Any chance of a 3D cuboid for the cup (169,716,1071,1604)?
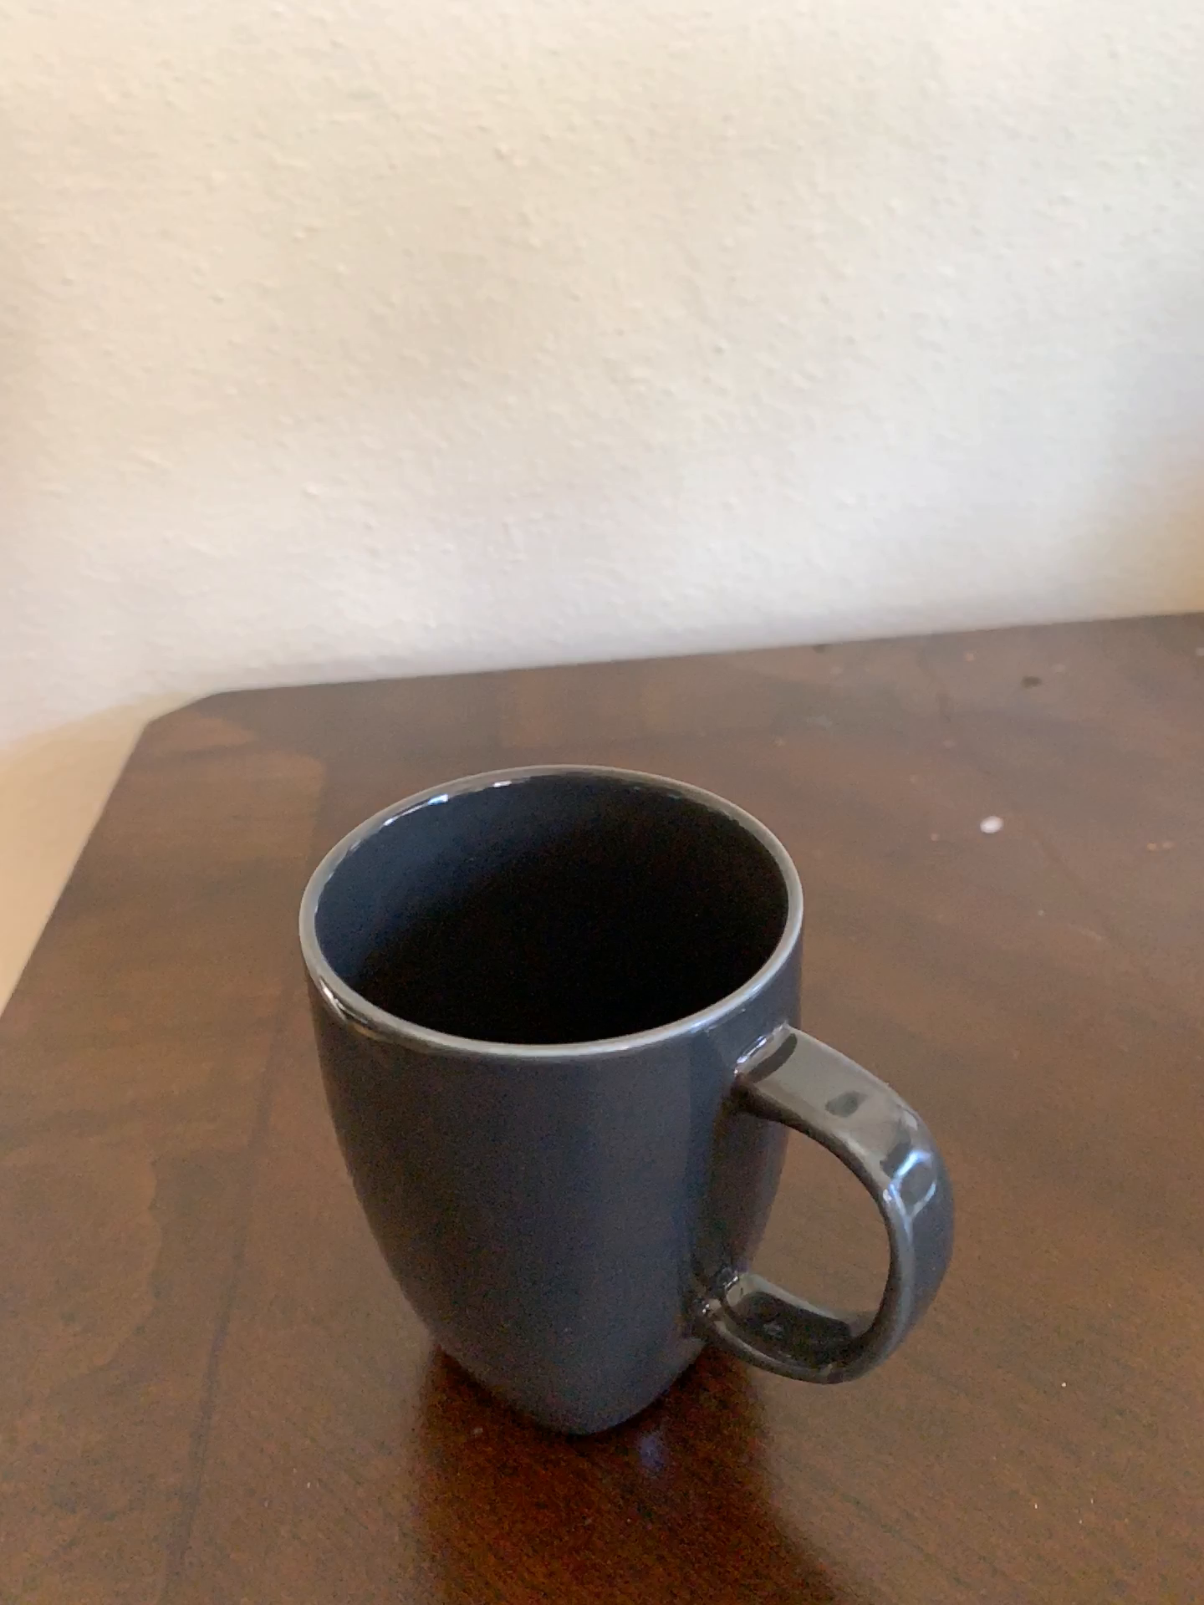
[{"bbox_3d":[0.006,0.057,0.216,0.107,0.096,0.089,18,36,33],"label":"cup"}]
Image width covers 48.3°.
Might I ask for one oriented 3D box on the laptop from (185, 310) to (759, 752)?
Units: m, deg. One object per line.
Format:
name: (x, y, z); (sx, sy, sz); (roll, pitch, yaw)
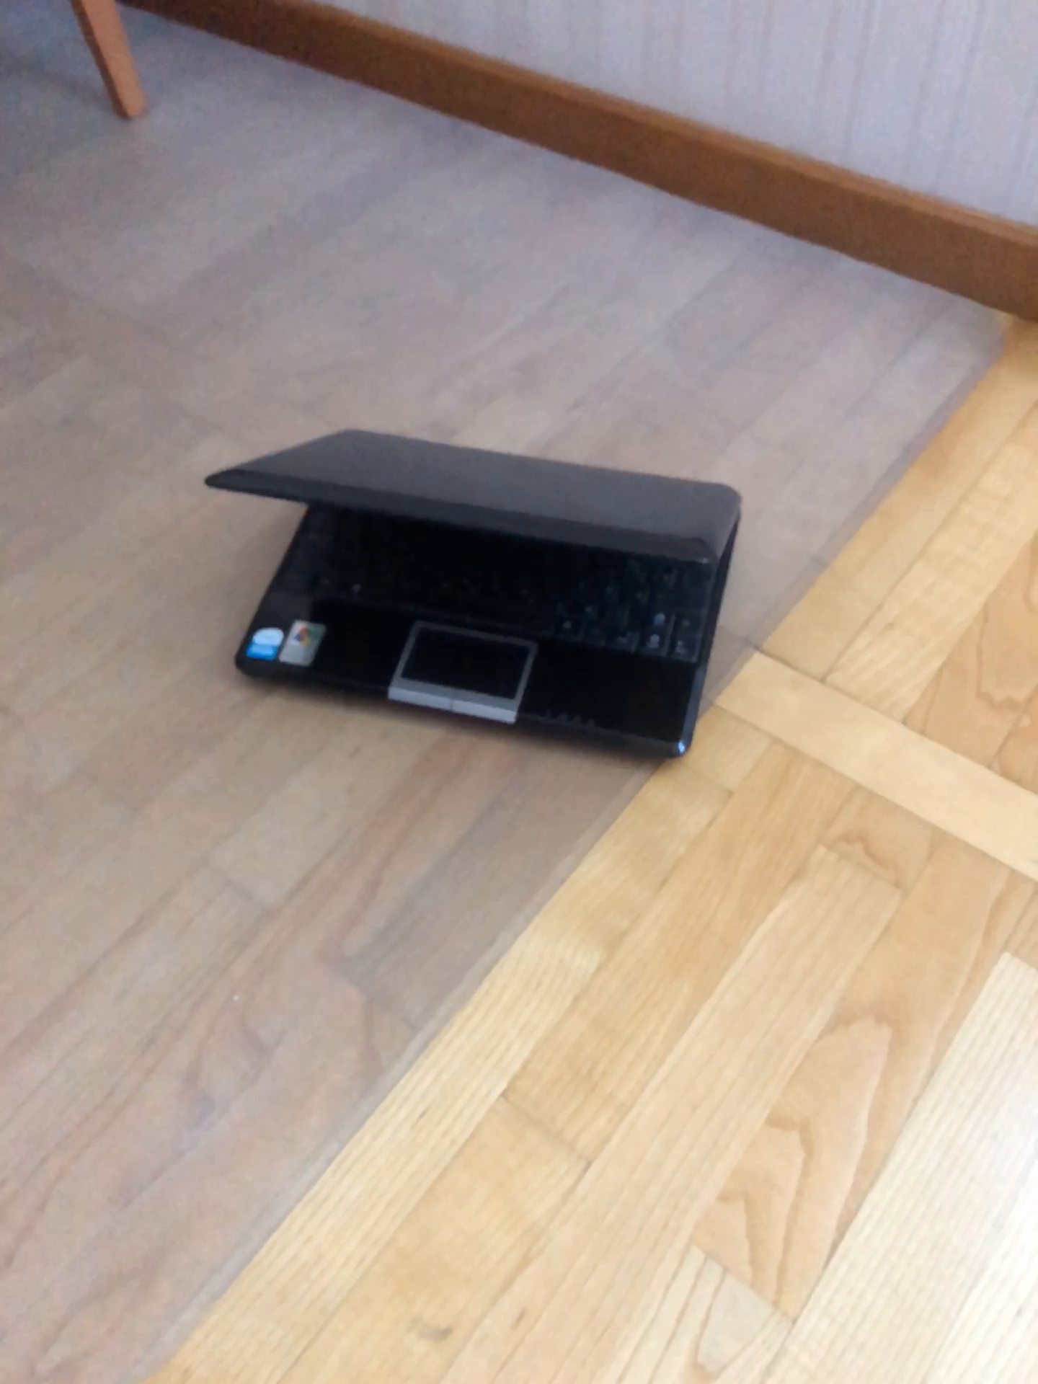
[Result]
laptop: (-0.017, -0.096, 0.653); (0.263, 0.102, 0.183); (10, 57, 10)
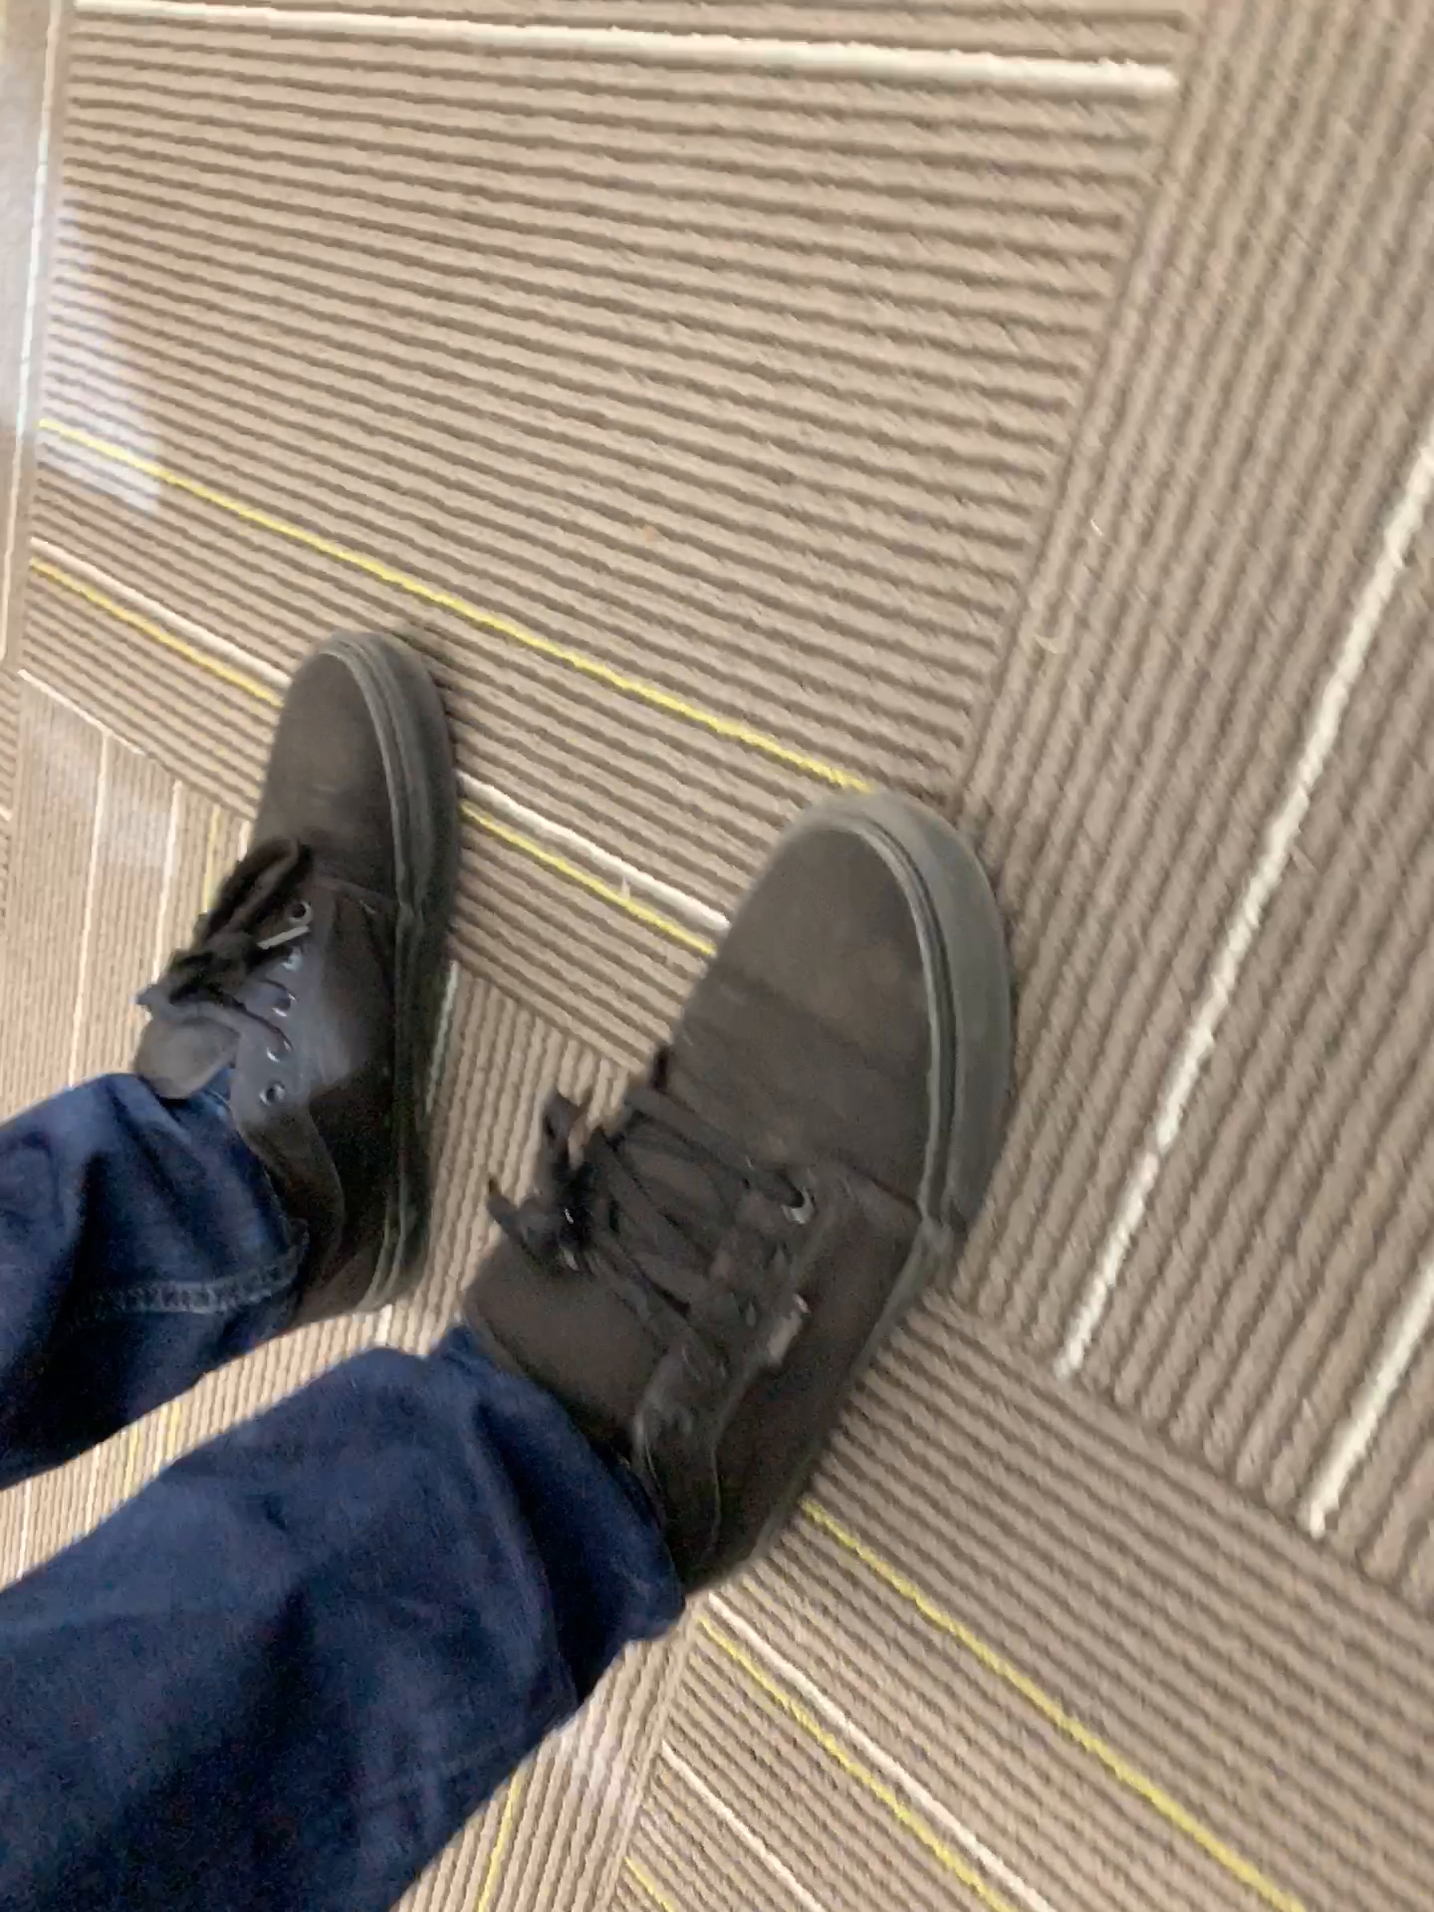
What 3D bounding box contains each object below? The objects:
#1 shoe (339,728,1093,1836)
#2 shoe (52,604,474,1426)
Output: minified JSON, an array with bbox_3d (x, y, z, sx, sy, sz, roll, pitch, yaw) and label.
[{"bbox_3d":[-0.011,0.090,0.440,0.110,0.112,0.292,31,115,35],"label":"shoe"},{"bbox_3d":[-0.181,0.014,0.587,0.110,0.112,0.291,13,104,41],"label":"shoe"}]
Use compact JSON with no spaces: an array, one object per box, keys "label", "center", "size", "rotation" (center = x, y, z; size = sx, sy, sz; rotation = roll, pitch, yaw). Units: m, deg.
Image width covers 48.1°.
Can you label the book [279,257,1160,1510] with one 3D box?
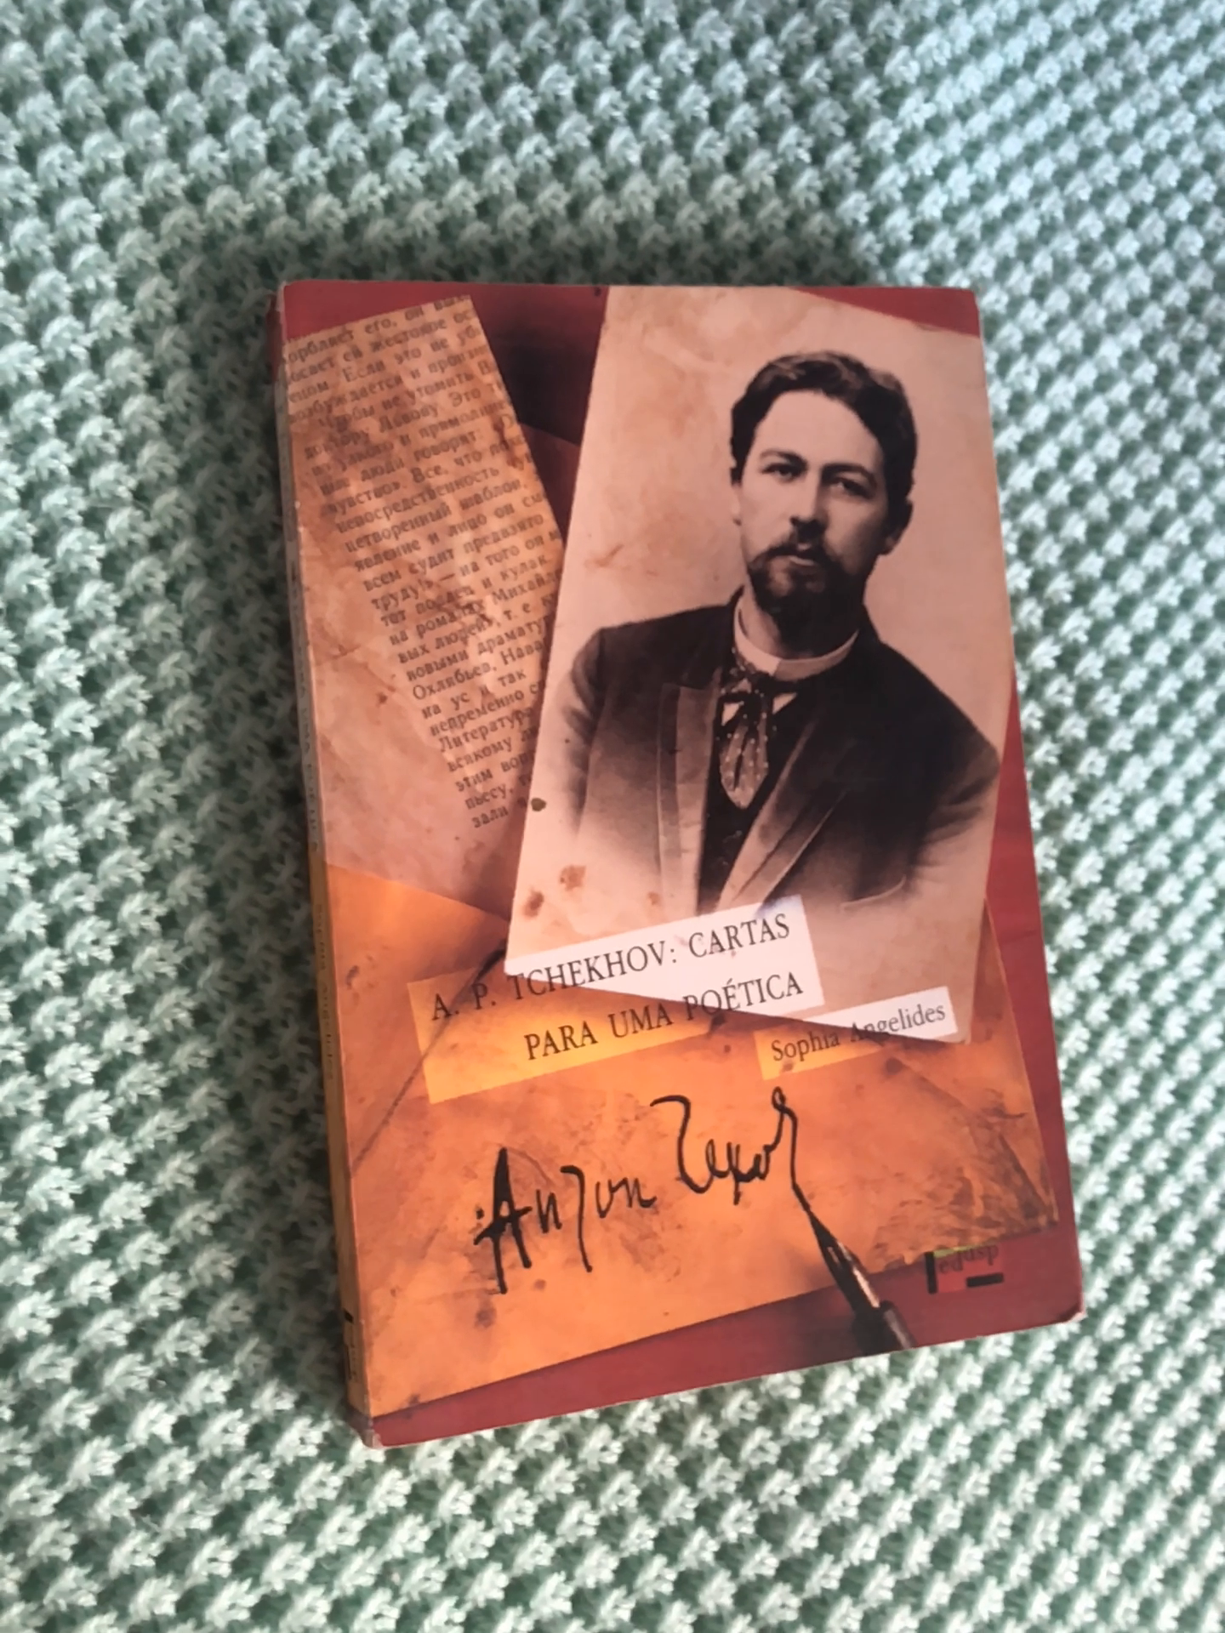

+ + + + +

Description of the task:
Every line of the data above should be quoted exactly. Omit the pictures.

Exercise solution:
Any chance of a 3D cuboid for the cup (169,716,1071,1604)?
[{"bbox_3d":[0.006,0.057,0.216,0.107,0.096,0.089,18,36,33],"label":"cup"}]
Image width covers 48.3°.
Might I ask for one oriented 3D box on the laptop from (185, 310) to (759, 752)?
Units: m, deg. One object per line.
Format:
name: (x, y, z); (sx, sy, sz); (roll, pitch, yaw)
[Result]
laptop: (-0.017, -0.096, 0.653); (0.263, 0.102, 0.183); (10, 57, 10)
What 3D bounding box contains each object below? The objects:
#1 shoe (339,728,1093,1836)
#2 shoe (52,604,474,1426)
Output: minified JSON, an array with bbox_3d (x, y, z, sx, sy, sz, roll, pitch, yaw) and label.
[{"bbox_3d":[-0.011,0.090,0.440,0.110,0.112,0.292,31,115,35],"label":"shoe"},{"bbox_3d":[-0.181,0.014,0.587,0.110,0.112,0.291,13,104,41],"label":"shoe"}]
Use compact JSON with no spaces: an array, one object per box, keys "label", "center", "size", "rotation" (center = x, y, z; size = sx, sy, sz; rotation = roll, pitch, yaw). Units: m, deg.
Image width covers 48.1°.
Can you label the book [279,257,1160,1510] with one 3D box?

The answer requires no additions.